Understanding AI Trustworthiness: A Scoping Review of AIES & FAccT Articles
- URL: http://arxiv.org/abs/2510.21293v2
- Date: Tue, 28 Oct 2025 15:20:05 GMT
- Title: Understanding AI Trustworthiness: A Scoping Review of AIES & FAccT Articles
- Authors: Siddharth Mehrotra, Jin Huang, Xuelong Fu, Roel Dobbe, Clara I. Sánchez, Maarten de Rijke,
- Abstract summary: Trustworthy AI serves as a foundational pillar for two major AI ethics conferences: AIES and FAccT.<n>This scoping review aims to examine how the AIES and FAccT communities conceptualize, measure, and validate AI trustworthiness.

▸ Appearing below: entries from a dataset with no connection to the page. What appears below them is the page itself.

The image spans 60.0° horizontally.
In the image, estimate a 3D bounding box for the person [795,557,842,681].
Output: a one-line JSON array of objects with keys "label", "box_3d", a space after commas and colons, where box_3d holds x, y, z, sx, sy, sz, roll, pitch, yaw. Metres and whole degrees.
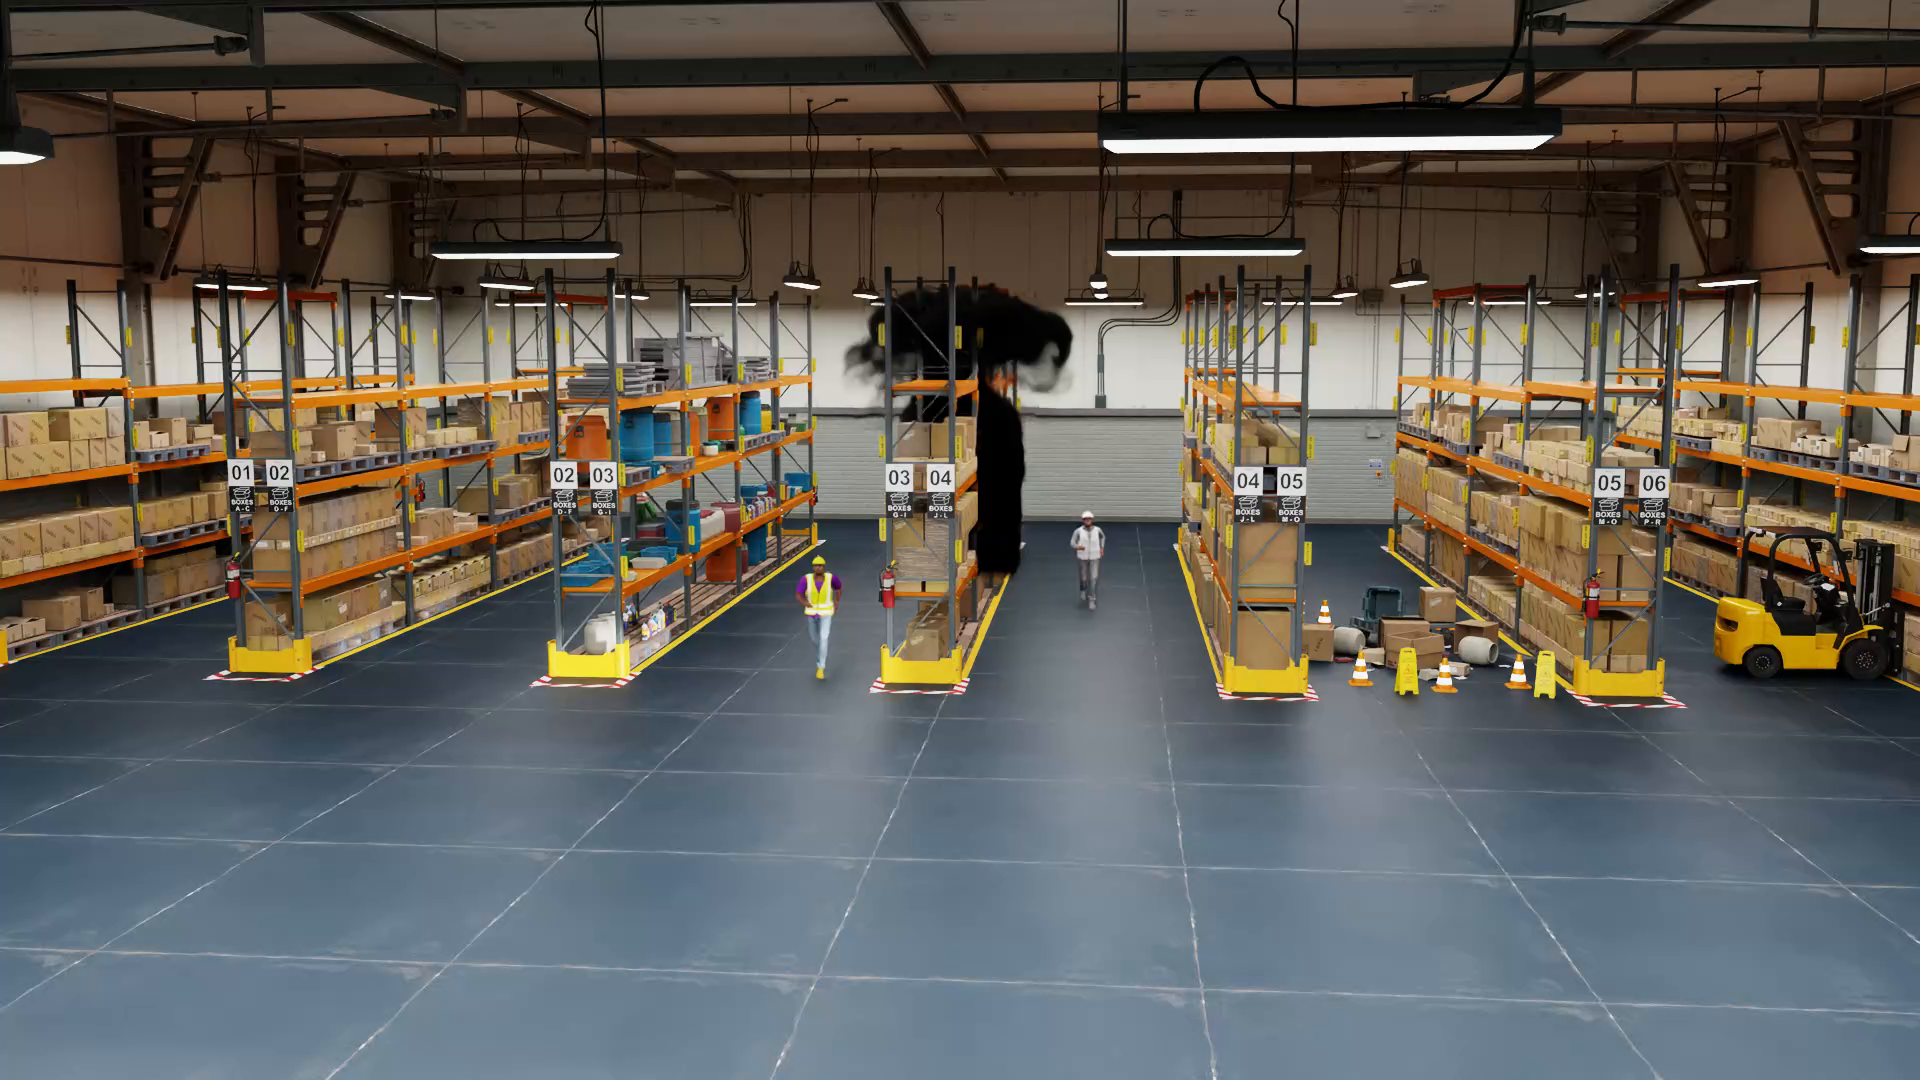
[{"label": "person", "box_3d": [-2.129, 1.120, 24.883, 0.663, 1.772, 1.146, 1, 7, 6]}]

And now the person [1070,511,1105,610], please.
[{"label": "person", "box_3d": [2.391, 0.353, 31.033, 0.672, 1.787, 0.963, 0, 7, 0]}]

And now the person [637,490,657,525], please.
[{"label": "person", "box_3d": [-7.890, -0.918, 41.430, 0.822, 1.780, 0.672, 5, 9, 37]}]
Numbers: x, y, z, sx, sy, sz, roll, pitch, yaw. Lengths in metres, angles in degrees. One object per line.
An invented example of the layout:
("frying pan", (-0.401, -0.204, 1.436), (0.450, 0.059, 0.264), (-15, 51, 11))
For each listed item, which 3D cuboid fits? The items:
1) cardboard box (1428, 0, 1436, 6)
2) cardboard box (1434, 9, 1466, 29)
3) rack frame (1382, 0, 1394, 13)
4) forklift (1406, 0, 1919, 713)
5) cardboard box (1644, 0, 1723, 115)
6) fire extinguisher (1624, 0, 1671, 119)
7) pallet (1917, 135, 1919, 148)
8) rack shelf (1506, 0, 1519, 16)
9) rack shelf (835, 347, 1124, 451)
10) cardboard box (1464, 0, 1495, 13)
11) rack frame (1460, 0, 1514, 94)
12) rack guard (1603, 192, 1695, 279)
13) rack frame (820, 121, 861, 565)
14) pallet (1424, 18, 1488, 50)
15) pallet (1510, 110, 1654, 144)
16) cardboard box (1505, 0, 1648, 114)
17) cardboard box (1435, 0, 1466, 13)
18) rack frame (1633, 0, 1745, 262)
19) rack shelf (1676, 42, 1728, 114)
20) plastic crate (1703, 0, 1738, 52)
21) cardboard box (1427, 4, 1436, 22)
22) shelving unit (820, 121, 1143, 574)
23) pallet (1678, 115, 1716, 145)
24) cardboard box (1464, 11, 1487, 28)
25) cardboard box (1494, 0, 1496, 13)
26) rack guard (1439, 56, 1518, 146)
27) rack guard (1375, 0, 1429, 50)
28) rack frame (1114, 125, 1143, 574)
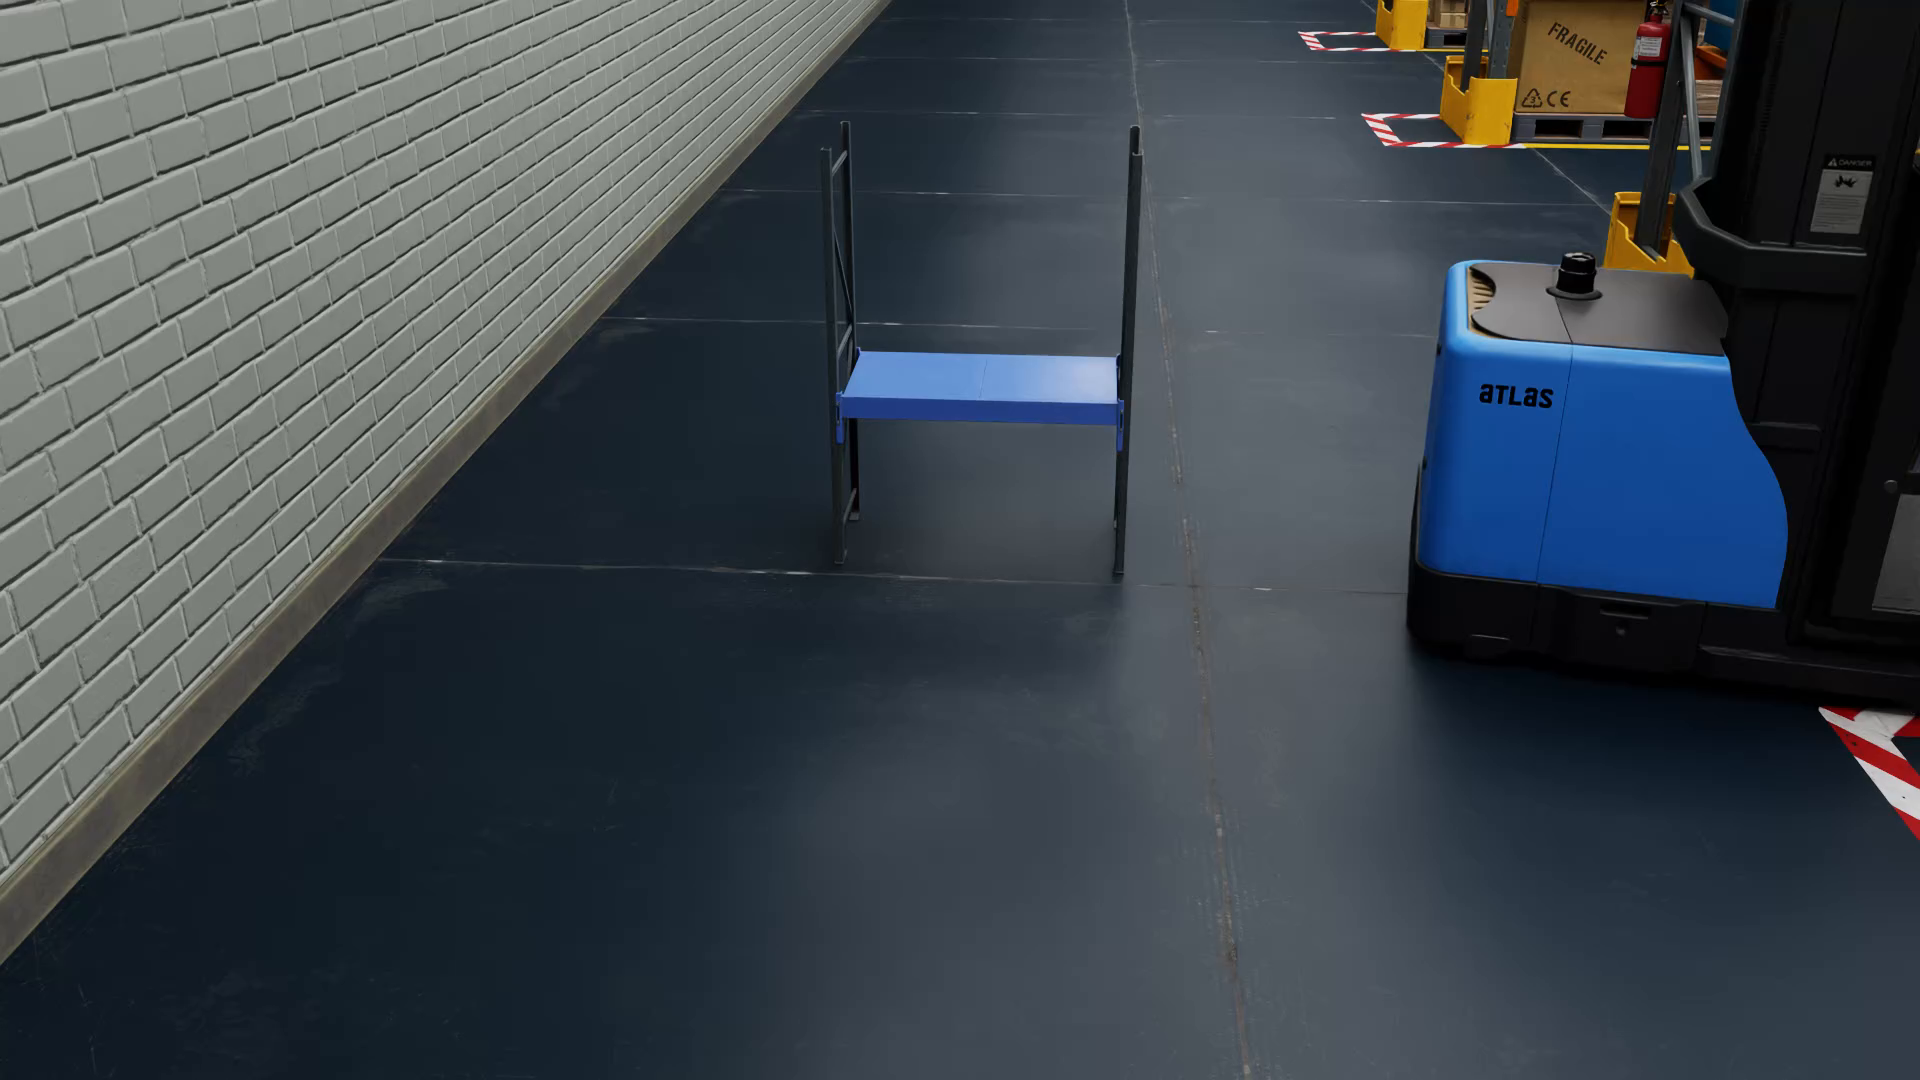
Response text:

- Score: 41.419459280691605
- License: http://creativecommons.org/licenses/by-sa/4.0/
- Abstract: Background: Trustworthy AI serves as a foundational pillar for two major AI ethics conferences: AIES and FAccT. However, current research often adopts techno-centric approaches, focusing primarily on technical attributes such as reliability, robustness, and fairness, while overlooking the sociotechnical dimensions critical to understanding AI trustworthiness in real-world contexts. Objectives: This scoping review aims to examine how the AIES and FAccT communities conceptualize, measure, and validate AI trustworthiness, identifying major gaps and opportunities for advancing a holistic understanding of trustworthy AI systems. Methods: We conduct a scoping review of AIES and FAccT conference proceedings to date, systematically analyzing how trustworthiness is defined, operationalized, and applied across different research domains. Our analysis focuses on conceptualization approaches, measurement methods, verification and validation techniques, application areas, and underlying values. Results: While significant progress has been made in defining technical attributes such as transparency, accountability, and robustness, our findings reveal critical gaps. Current research often predominantly emphasizes technical precision at the expense of social and ethical considerations. The sociotechnical nature of AI systems remains less explored and trustworthiness emerges as a contested concept shaped by those with the power to define it. Conclusions: An interdisciplinary approach combining technical rigor with social, cultural, and institutional considerations is essential for advancing trustworthy AI. We propose actionable measures for the AI ethics community to adopt holistic frameworks that genuinely address the complex interplay between AI systems and society, ultimately promoting responsible technological development that benefits all stakeholders.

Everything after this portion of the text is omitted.